Node Failure & Recovery

Individual nodes fail to operate when they lose touch with the cluster. This can occur due to various reasons. For instance, in the event of hardware failure or software crash, the loss of network connectivity or the failure of a state transfer. Anything that prevents the node from communicating with the cluster is generalized behind the concept of node failure. Understanding how nodes fail will help in planning for their recovery.

Detecting Single Node Failures

When a node fails the only sign is the loss of connection to the node processes as seen by other nodes. Thus nodes are considered failed when they lose membership with the cluster’s Primary Component. That is, from the perspective of the cluster when the nodes that form the Primary Component can no longer see the node, that node is failed. From the perspective of the failed node itself, assuming that it has not crashed, it has lost its connection with the Primary Component.

Although there are third-party tools for monitoring nodes—such as ping, Heartbeat, and Pacemaker—they can be grossly off in their estimates on node failures. These utilities do not participate in the Galera Cluster group communications and remain unaware of the Primary Component.

If you want to monitor the Galera Cluster node status poll the wsrep_local_state status variable or through the Notification Command.

For more information on monitoring the state of cluster nodes, see the chapter on Monitoring the Cluster.

The cluster determines node connectivity from the last time it received a network packet from the node. You can configure how often the cluster checks this using the evs.inactive_check_period parameter. During the check, if the cluster finds that the time since the last time it received a network packet from the node is greater than the value of the evs.keepalive_period parameter, it begins to emit heartbeat beacons. If the cluster continues to receive no network packets from the node for the period of the evs.suspect_timeout parameter, the node is declared suspect. Once all members of the Primary Component see the node as suspect, it is declared inactive—that is, failed.

If no messages were received from the node for a period greater than the evs.inactive_timeout period, the node is declared failed regardless of the consensus.
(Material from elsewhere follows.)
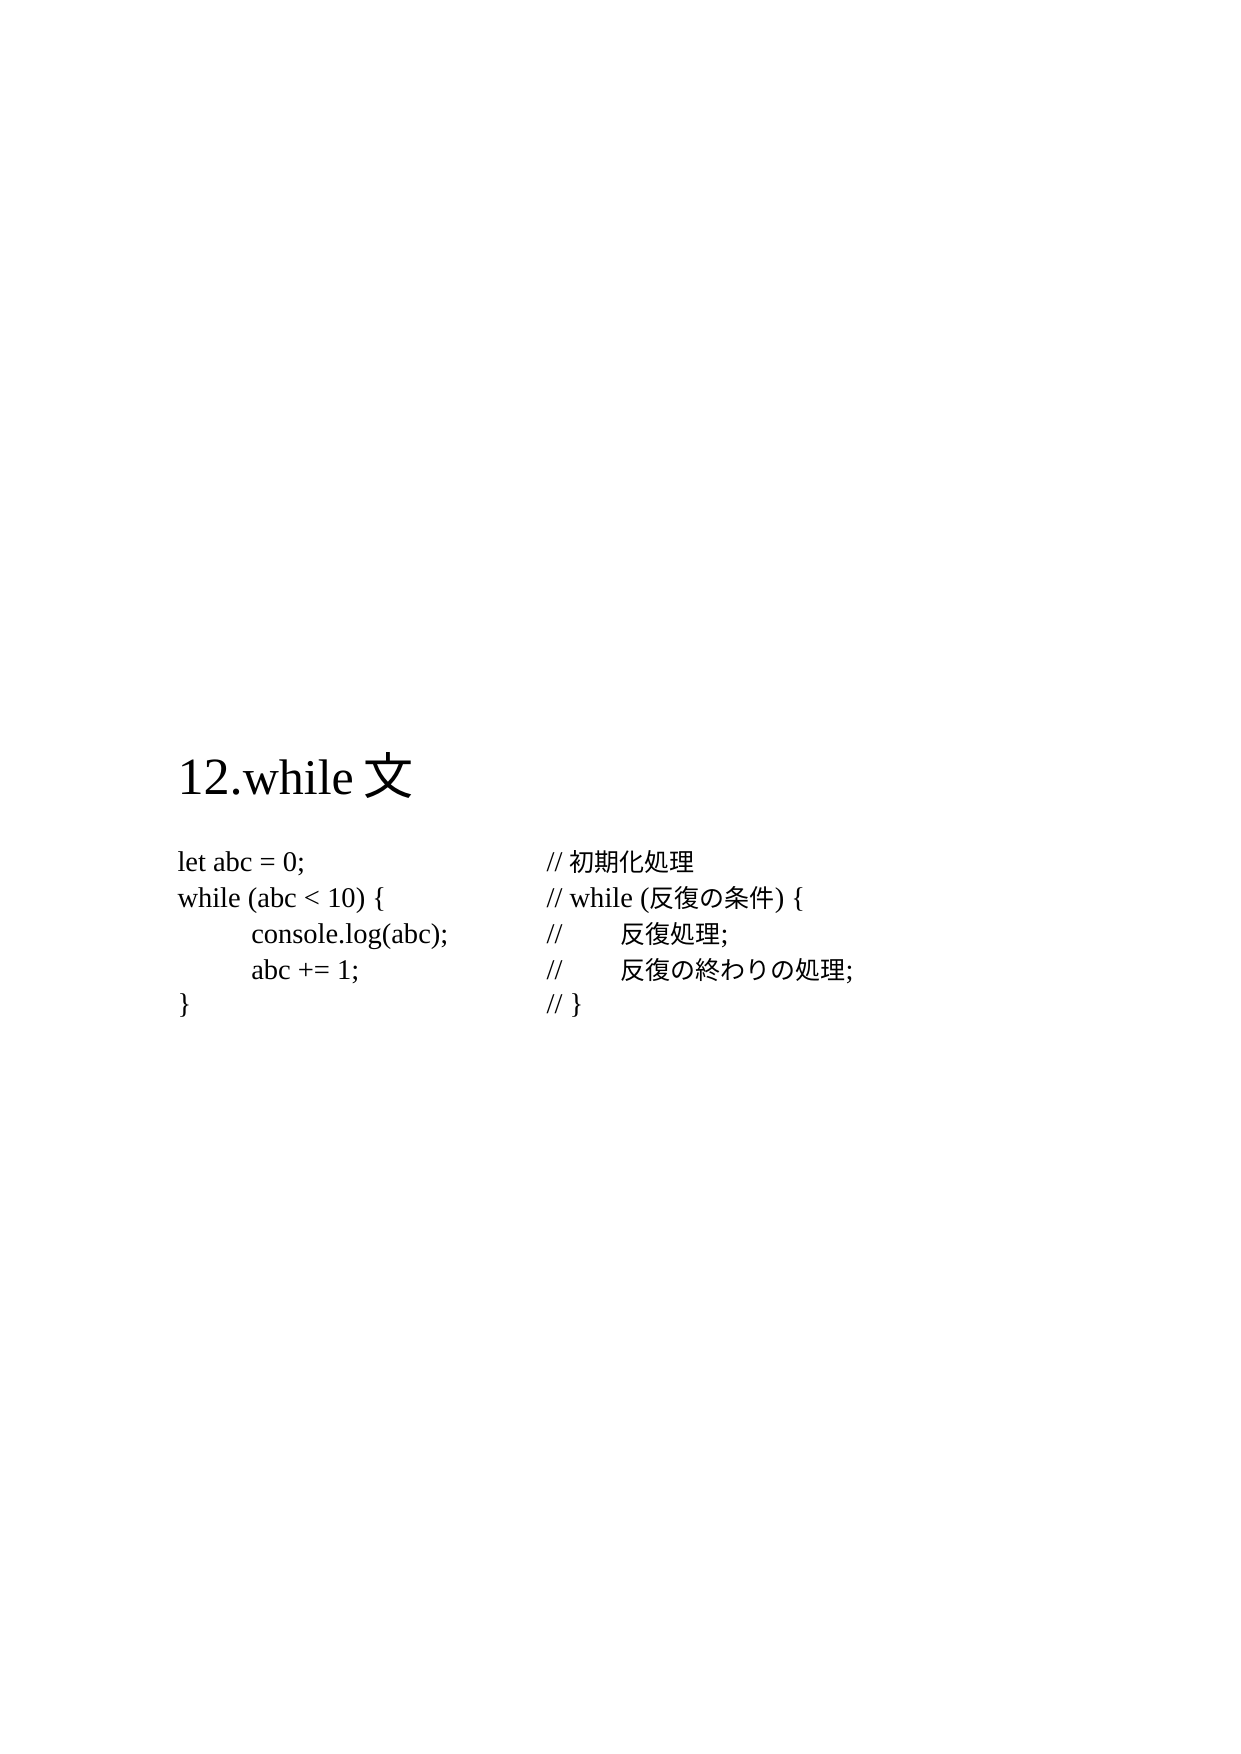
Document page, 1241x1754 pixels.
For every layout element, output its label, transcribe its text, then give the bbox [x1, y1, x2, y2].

The failed node remains non-operational until all members agree on its membership. If the members cannot reach consensus on the liveness of a node, the network is too unstable for cluster operations.

The relationship between these option values is:

evs.keepalive_period <= evs.inactive_check_period
evs.inactive_check_period <= evs.suspect_timeout
evs.suspect_timeout <= evs.inactive_timeout
evs.inactive_timeout <= evs.consensus_timeout

Note

Unresponsive nodes that fail to send messages or heartbeat beacons on time—for instance, in the event of heavy swapping—may also be pronounced failed. This prevents them from locking up the operations of the rest of the cluster. If you find this behavior undesirable, increase the timeout parameters.

Cluster Availability vs. Partition Tolerance

Within the CAP theorem, Galera Cluster emphasizes data safety and consistency. This leads to a trade-off between cluster availability and partition tolerance. That is, when using unstable networks, such as WAN, low evs.suspect_timeout and evs.inactive_timeout values may result in false node failure detections, while higher values on these parameters may result in longer availability outages in the event of actual node failures.

Essentially what this means is that the evs.suspect_timeout parameter defines the minimum time needed to detect a failed node. During this period, the cluster is unavailable due to the consistency constraint.

Recovering from Single Node Failures

If one node in the cluster fails, the other nodes continue to operate as usual. When the failed node comes back online, it automatically synchronizes with the other nodes before it is allowed back into the cluster.

No data is lost in single node failures.

../_images/training.jpg

State Transfer Failure

Single node failures can also occur when a state snapshot transfer fails. This failure renders the receiving node unusable, as the receiving node aborts when it detects a state transfer failure.

When the node fails while using mysqldump, restarting may require you to manually restore the administrative tables. For the rsync method in state transfers this is not an issue, given that it does not require the database server to be in an operational state to work.